An adaptive semi-parametric model for analyzing longitudinal panel count data is presented. Panel data refers here to data collected as the number of events occurring between specific followup times over a period or disjoint periods of observation of a subject. The counts are assumed to arise from a mixed nonhomogeneous Poisson process where frailties account for heterogeneity common to this type of data. The generating intensity of the counting process is assumed to be a smooth function modeled with penalized splines. A main feature is that the penalization used to control the amount of smoothing, usually assumed to be time homogeneous, is allowed to be time dependent so that the spline can more easily adapt to sharp changes in curvature regimes.

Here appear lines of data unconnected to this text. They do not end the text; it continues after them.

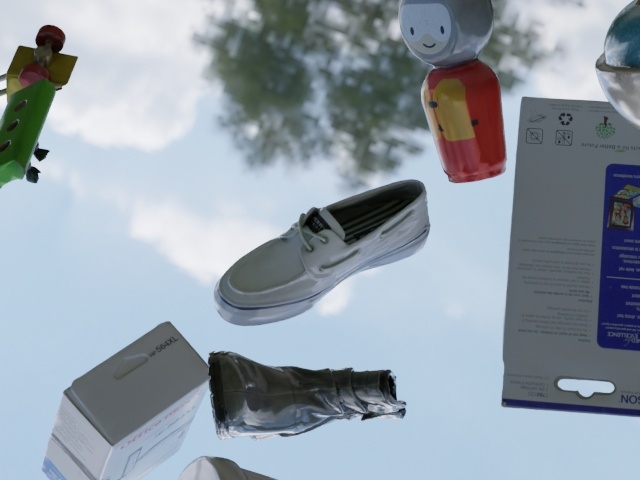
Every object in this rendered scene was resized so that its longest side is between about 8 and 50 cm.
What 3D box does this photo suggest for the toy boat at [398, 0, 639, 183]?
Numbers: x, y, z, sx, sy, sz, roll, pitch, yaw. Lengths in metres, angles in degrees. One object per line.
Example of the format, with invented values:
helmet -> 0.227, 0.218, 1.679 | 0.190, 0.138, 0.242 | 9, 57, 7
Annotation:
toy boat -> 0.219, -0.139, 1.202 | 0.318, 0.148, 0.267 | -11, -169, 6

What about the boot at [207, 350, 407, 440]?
boot -> -0.008, 0.139, 1.630 | 0.161, 0.083, 0.246 | -8, 169, 11

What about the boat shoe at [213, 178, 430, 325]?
boat shoe -> 0.000, 0.000, 1.594 | 0.226, 0.076, 0.083 | -27, -128, -25

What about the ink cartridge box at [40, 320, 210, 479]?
ink cartridge box -> -0.212, 0.196, 1.880 | 0.148, 0.203, 0.086 | -35, -105, -30

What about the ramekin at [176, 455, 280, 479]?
ramekin -> -0.057, 0.314, 1.384 | 0.127, 0.273, 0.273 | 12, -159, -17

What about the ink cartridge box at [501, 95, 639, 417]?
ink cartridge box -> 0.267, 0.021, 1.713 | 0.165, 0.333, 0.065 | 5, 158, 6

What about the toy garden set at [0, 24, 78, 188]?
toy garden set -> -0.324, -0.082, 1.561 | 0.049, 0.244, 0.204 | 49, -146, -32

Splines are also used to model time dependent covariate effects. Penalized quasi-likelihood (PQL;Â [Breslow, N.E., Clayton, D.G., 1993. Approximate inference in generalized linear mixed models. Journal of the American Statistical Association 88, 9-25]) is used to derive estimating equations for this adaptive spline model so that only low moment assumptions are required for inference. Both jackknife and bootstrap variance estimators are developed. The finite sample properties of the proposed estimating functions are investigated empirically by simulation. Comparisons with a model assuming a time homogeneous penalty are made. The methods are used in an analysis of data from an experiment to test the effectiveness of pheromones in disrupting the mating pattern of the cherry bark tortrix moth. Recommendations are provided on when the simpler model with a time homogeneous penalty may provide a fair approximation to data and where such an approach will be lacking, calling for the more complicated adaptive methods.

Suggested Citation

  • Nielsen, J.D. & Dean, C.B., 2008. "Adaptive functional mixed NHPP models for the analysis of recurrent event panel data," Computational Statistics & Data Analysis, Elsevier, vol. 52(7), pages 3670-3685, March.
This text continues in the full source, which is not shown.